If you feel like you have too much stuff, reconsider some of the items. You might be able to remove 1-2 that are helpful but maybe not necessary. Multiple changes of clothing seem like a bit much. They sell rain ponchos that can be folded into small envelopes (and they're usually quite inexpensive). A blanket is a good idea, but again there are blankets that are bulky and others that don't take up all that much room. If boots are taking up too much room, plastic baggies over shoes can serve the same purpose in an emergency (unless you regularly drive in areas with deep mud).

I do think a spare pair of shoes you can walk in is a good idea. I like recycling old athletic shoes instead of throwing them out. They're too worn for my daily circuit, yet aren't at the point of having holes in them. And shoes don't take up that much room if you pack them right.

Also, I like keeping $100 in cash in the car. I don't touch it but someday it might be really good to have.
 
Old 11-20-2013, 09:33 AM
 
3,438 posts, read 4,796,713 times
Reputation: 5403
Quote:
Originally Posted by Caladium View Post
Good advice that an emergency kit should be stored in some out of the way location so it won't go flying if the car gets smacked or spins out of control.

If you feel like you have too much stuff, reconsider some of the items. Multiple changes of clothing seem like a bit much. They sell rain ponchos that can be folded into small envelopes (and they're usually quite inexpensive).

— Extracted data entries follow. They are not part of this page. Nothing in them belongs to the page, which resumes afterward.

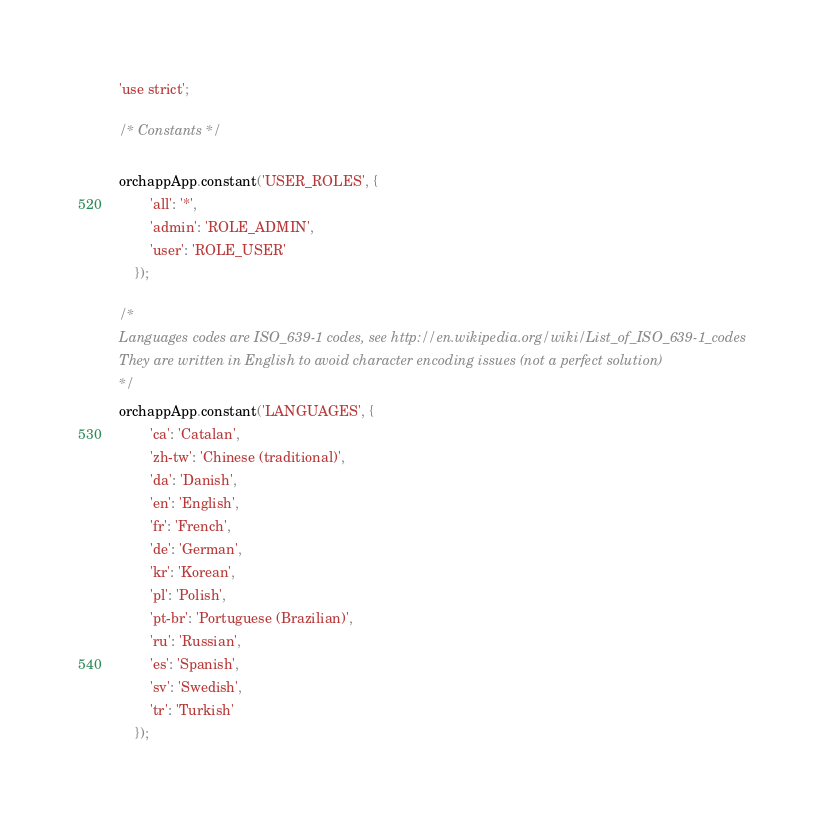<code> <loc_0><loc_0><loc_500><loc_500><_JavaScript_>'use strict';

/* Constants */

orchappApp.constant('USER_ROLES', {
        'all': '*',
        'admin': 'ROLE_ADMIN',
        'user': 'ROLE_USER'
    });

/*
Languages codes are ISO_639-1 codes, see http://en.wikipedia.org/wiki/List_of_ISO_639-1_codes
They are written in English to avoid character encoding issues (not a perfect solution)
*/
orchappApp.constant('LANGUAGES', {
        'ca': 'Catalan',
        'zh-tw': 'Chinese (traditional)',
        'da': 'Danish',
        'en': 'English',
        'fr': 'French',
        'de': 'German',
        'kr': 'Korean',
        'pl': 'Polish',
        'pt-br': 'Portuguese (Brazilian)',
        'ru': 'Russian',
        'es': 'Spanish',
        'sv': 'Swedish',
        'tr': 'Turkish'
    });
</code> 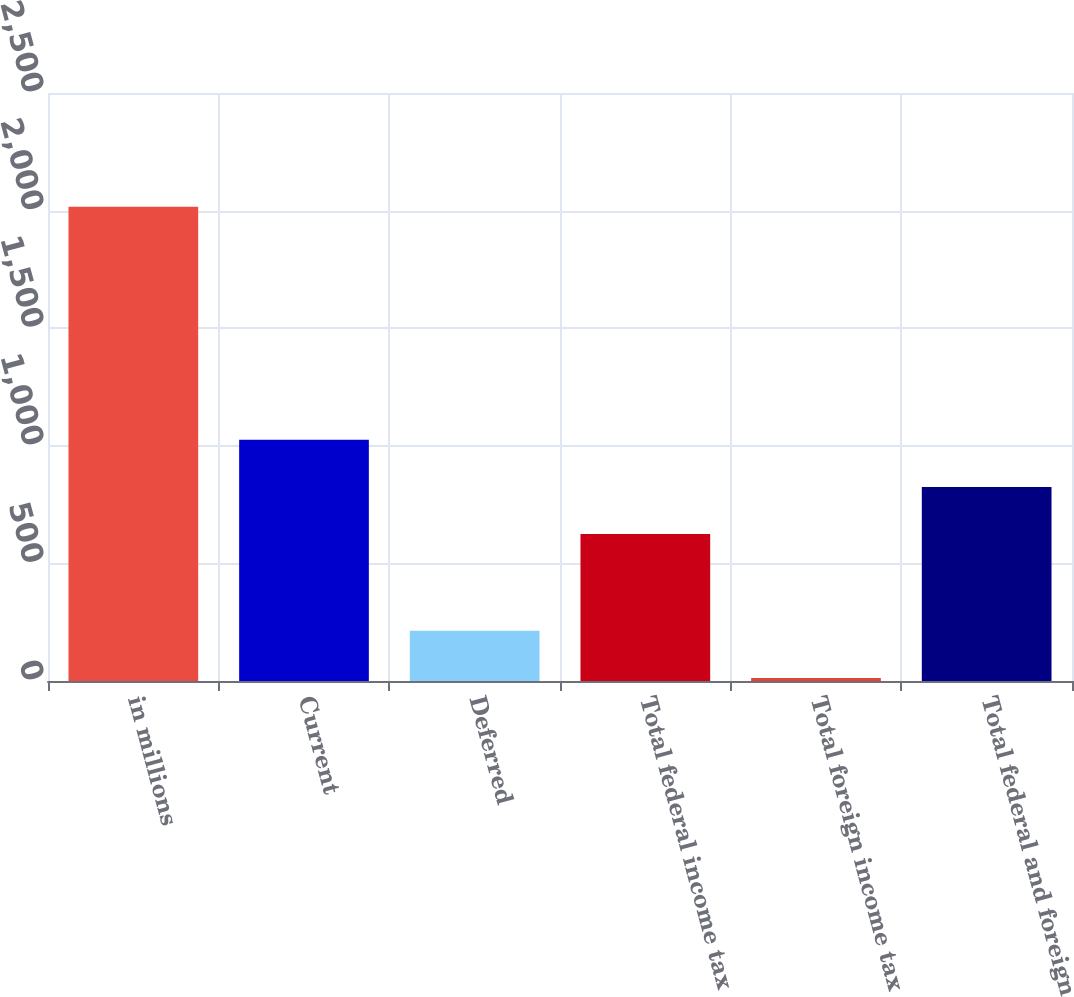Convert chart. <chart><loc_0><loc_0><loc_500><loc_500><bar_chart><fcel>in millions<fcel>Current<fcel>Deferred<fcel>Total federal income tax<fcel>Total foreign income tax<fcel>Total federal and foreign<nl><fcel>2016<fcel>1025.6<fcel>213.3<fcel>625<fcel>13<fcel>825.3<nl></chart>

A blanket is a good idea, but again there are blankets that are bulky and others that don't take up all that much room. If boots are taking up too much room, plastic baggies over shoes can serve the same purpose in an emergency (unless you regularly drive in areas with deep mud).

I do think a spare pair of shoes you can walk in is a good idea. I like athletic shoes that are too worn for my daily circuit, yet aren't at the point of having holes in them. And shoes don't take up that much room if you pack them right.

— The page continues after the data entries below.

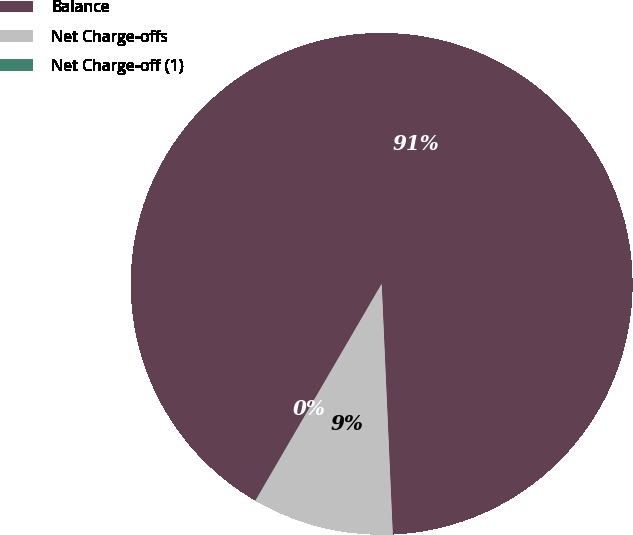Convert chart. <chart><loc_0><loc_0><loc_500><loc_500><pie_chart><fcel>Balance<fcel>Net Charge-offs<fcel>Net Charge-off (1)<nl><fcel>90.89%<fcel>9.1%<fcel>0.01%<nl></chart> 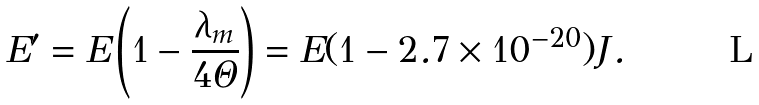<formula> <loc_0><loc_0><loc_500><loc_500>E ^ { \prime } = E \left ( 1 - \frac { \lambda _ { m } } { 4 \Theta } \right ) = E ( 1 - 2 . 7 \times 1 0 ^ { - 2 0 } ) J .</formula> 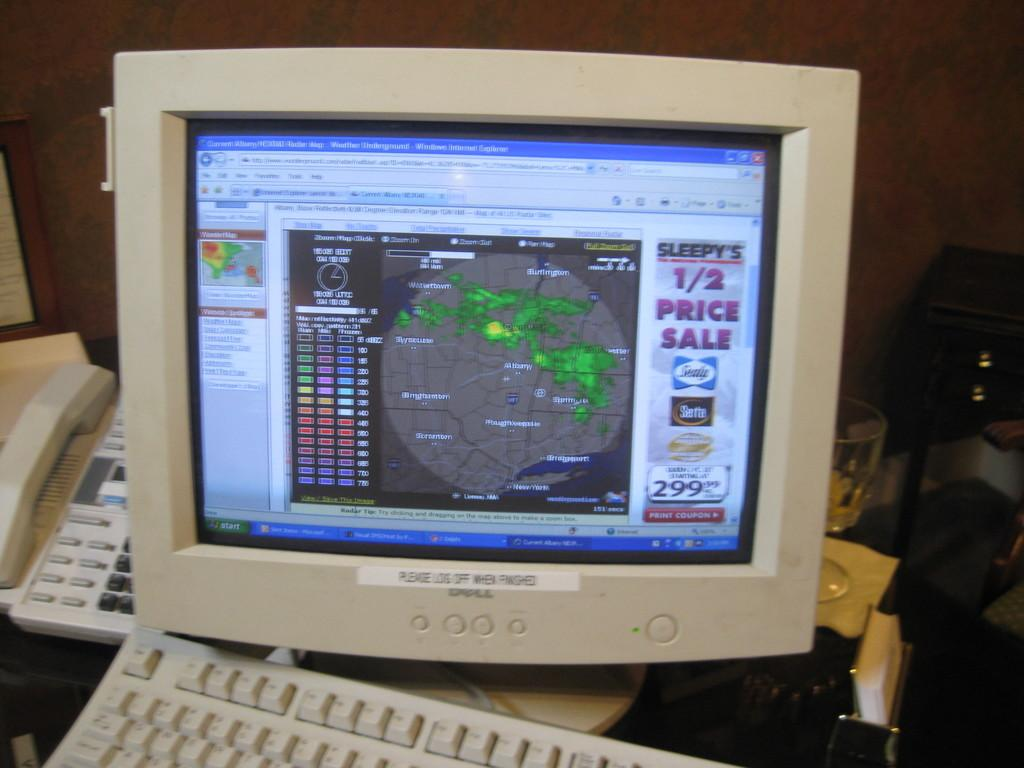<image>
Describe the image concisely. Sleepy's is having a 1/2 price sale, according to the computer monitor.

Also, I like keeping $100 in cash in the car. I don't touch it but someday it might be really good to have.

If it is winter survival, what good are ---- ."plastic baggies over shoes"..........and ..........."athletic shoes that are too warn >,,,,,,,,,,,,


SURVIVAL gear usually is mentioned as surviving in cold climates.
 
Old 11-20-2013, 09:46 AM
 
Location: Virginia
18,717 posts, read 27,131,671 times
Reputation: 42872
Maybe it depends on where your car accident is.

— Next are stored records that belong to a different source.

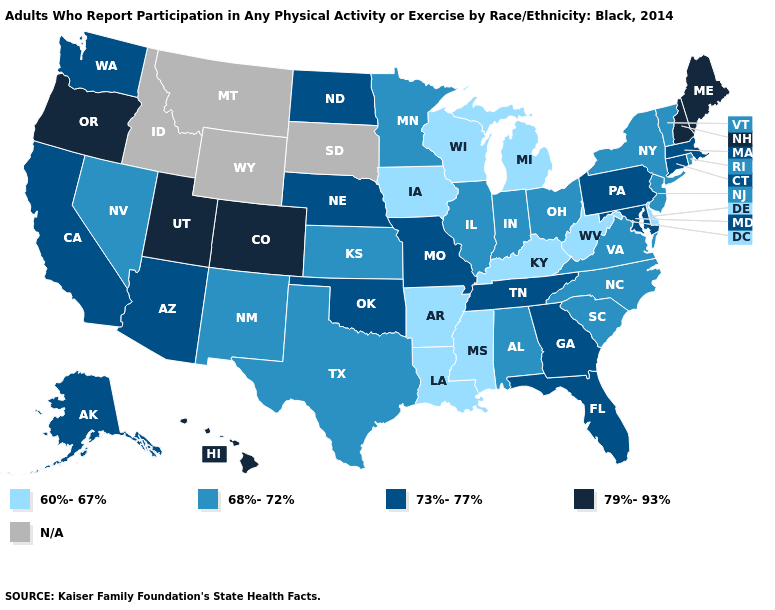How many symbols are there in the legend?
Keep it brief. 5. What is the lowest value in the Northeast?
Write a very short answer. 68%-72%. Name the states that have a value in the range 60%-67%?
Keep it brief. Arkansas, Delaware, Iowa, Kentucky, Louisiana, Michigan, Mississippi, West Virginia, Wisconsin. How many symbols are there in the legend?
Be succinct. 5. Name the states that have a value in the range 79%-93%?
Concise answer only. Colorado, Hawaii, Maine, New Hampshire, Oregon, Utah. What is the value of Alaska?
Concise answer only. 73%-77%. Does Hawaii have the highest value in the USA?
Quick response, please. Yes. Name the states that have a value in the range 60%-67%?
Write a very short answer. Arkansas, Delaware, Iowa, Kentucky, Louisiana, Michigan, Mississippi, West Virginia, Wisconsin. How many symbols are there in the legend?
Short answer required. 5. What is the highest value in the USA?
Write a very short answer. 79%-93%. Among the states that border Connecticut , does Massachusetts have the highest value?
Quick response, please. Yes. What is the value of North Carolina?
Write a very short answer. 68%-72%. What is the lowest value in states that border Nebraska?
Be succinct. 60%-67%. Does Alabama have the highest value in the USA?
Keep it brief. No. Name the states that have a value in the range 79%-93%?
Concise answer only. Colorado, Hawaii, Maine, New Hampshire, Oregon, Utah.

Where I live we have fairly mild winters, and the reality of my life is I don't have any reasons to be driving in wilderness areas during a heavy winter storm. And if I did, I would already be wearing boots and a heavy winter coat--no need to have extra in the car.

The winter trips that might involve snow are mostly trips to NYC--and that doesn't involve driving. I fly or take Amtrak, and once I get there I take the train everywhere. And, again, I would already be wearing boots if the weather was snowy.

The bags are mostly to keep your shoes dry. A few years ago I did have a situation where we had walk a little over a mile after a snowstorm. The snow was maybe a foot deep, and we did have to step in it a few times (although mostly we walked along the road). Bags over our shoes worked out really well. They may look dorky, but they provided the emergency protection we needed.

The extra pair of shoes in the car are more useful for situations like you've gone to a banquet, are wearing heels, the car breaks down, and you need to walk for help.